The 2005 European Amateur Team Championship took place 28 June – 2 July at Hillside Golf Club in Southport, England. It was the 24th men's golf European Amateur Team Championship.

== Venue ==

The club was founded in 1911. The course, located in Southport, 20 kilometres north of the city center of Liverpool, England, is a links course, with all the holes being between and on mainly large dunes and local indigenous pinewoods, typical of the area.
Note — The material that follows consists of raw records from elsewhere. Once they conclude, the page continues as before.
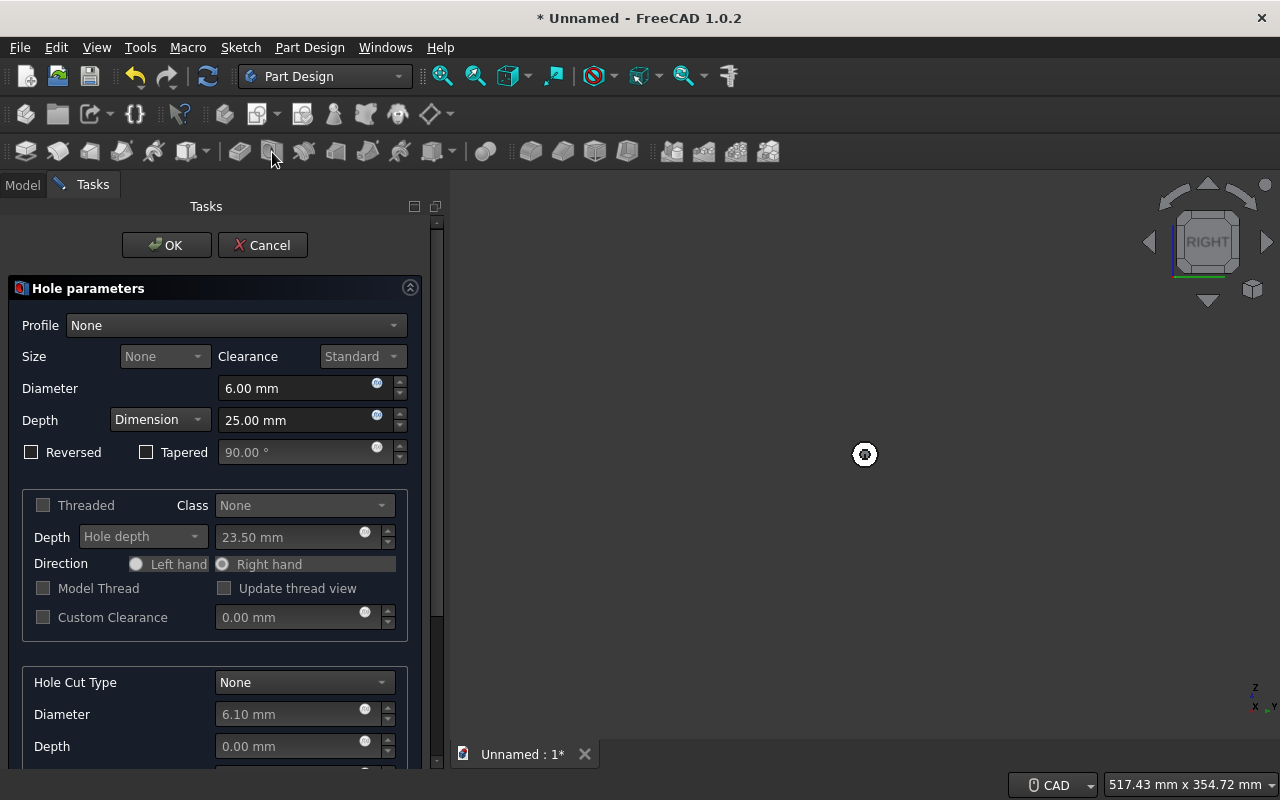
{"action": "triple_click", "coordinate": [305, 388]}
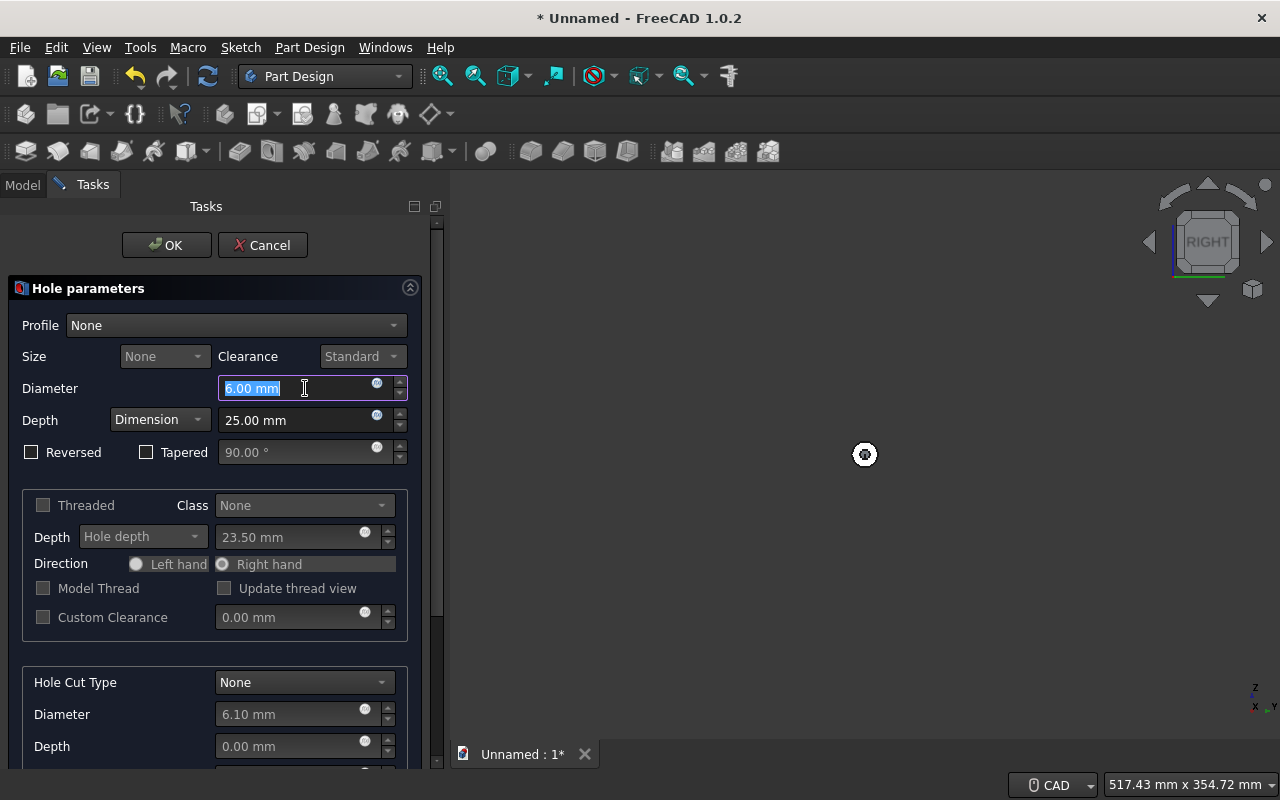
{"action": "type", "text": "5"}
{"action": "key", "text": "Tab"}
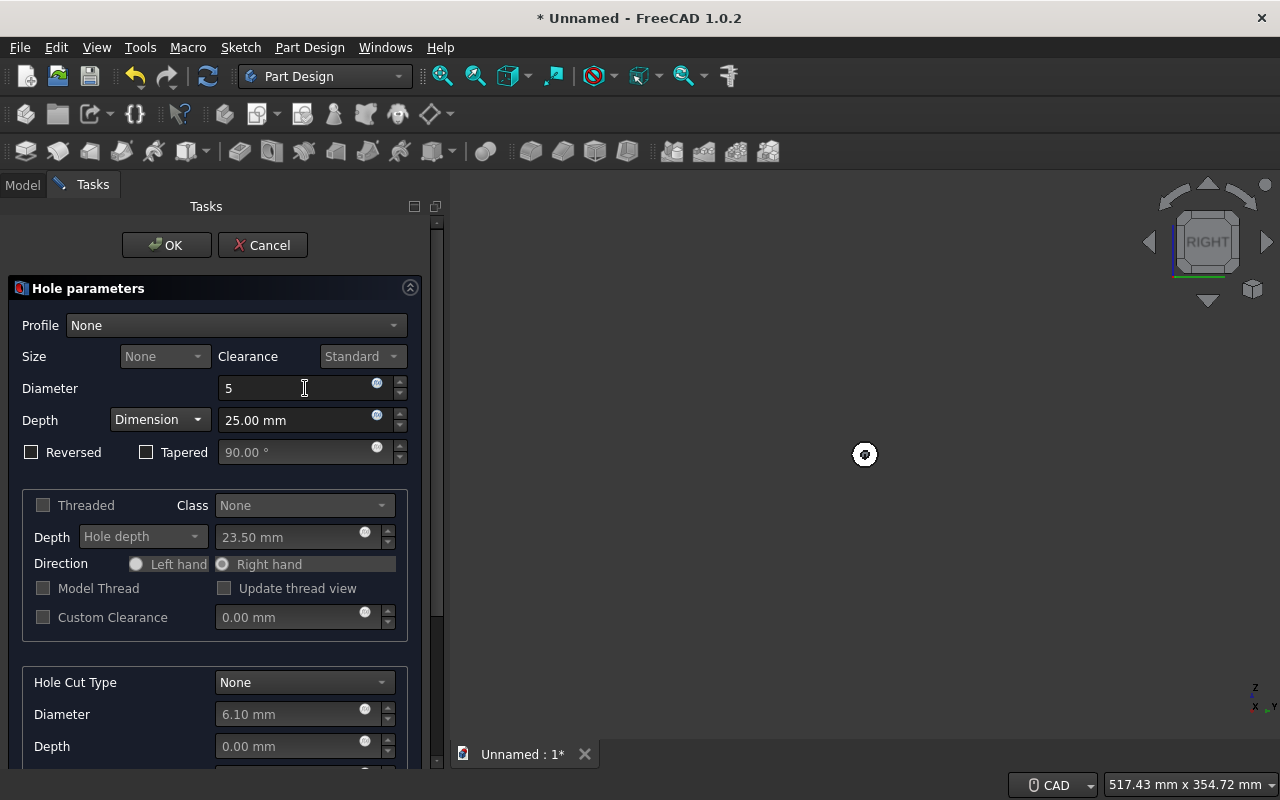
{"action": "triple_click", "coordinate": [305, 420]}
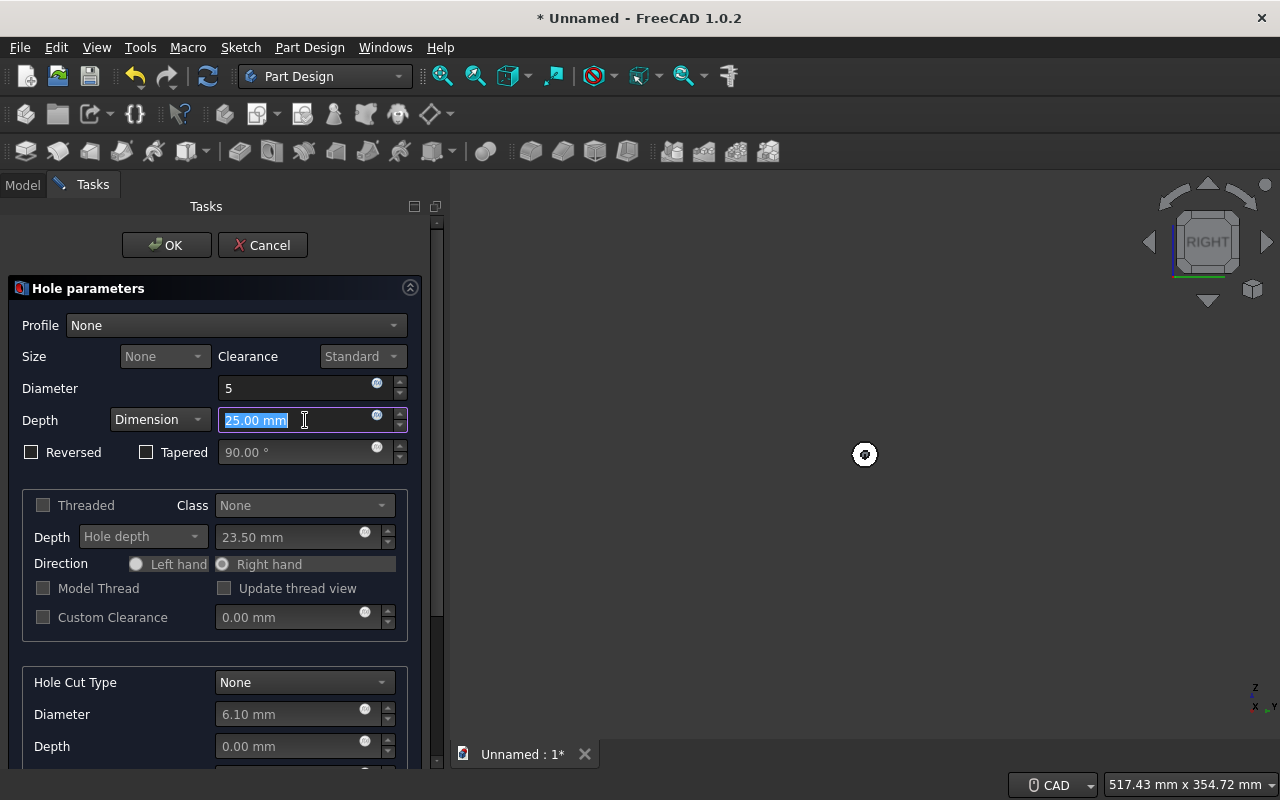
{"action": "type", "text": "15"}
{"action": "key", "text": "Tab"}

It is physically close to both the Royal Birkdale Golf Club, near its south-western boundaries, and to the Southport and Ainsdale Golf Club.

== Format ==
Each team consisted of 6 players, playing two rounds of stroke-play over two days, counting the five best scores each day for each team.

The eight best teams formed flight A, in knock-out match-play over the next three days. The teams were seeded based on their positions after the stroke play. The first placed team were drawn to play the quarter-final against the eight placed team, the second against the seventh, the third against the sixth and the fourth against the fifth. Teams were allowed to use six players during the team matches, selecting four of them in the two morning foursome games and five players in to the afternoon single games. Teams knocked out after the quarter-finals played one foursome game and four single games in each of their remaining matches. Games all square at the 18th hole were declared halved, if the team match was already decided.

The eight teams placed 9–16 in the qualification stroke-play formed flight B, to play similar knock-out play, with one foursome game and four single games in each match, to decide their final positions.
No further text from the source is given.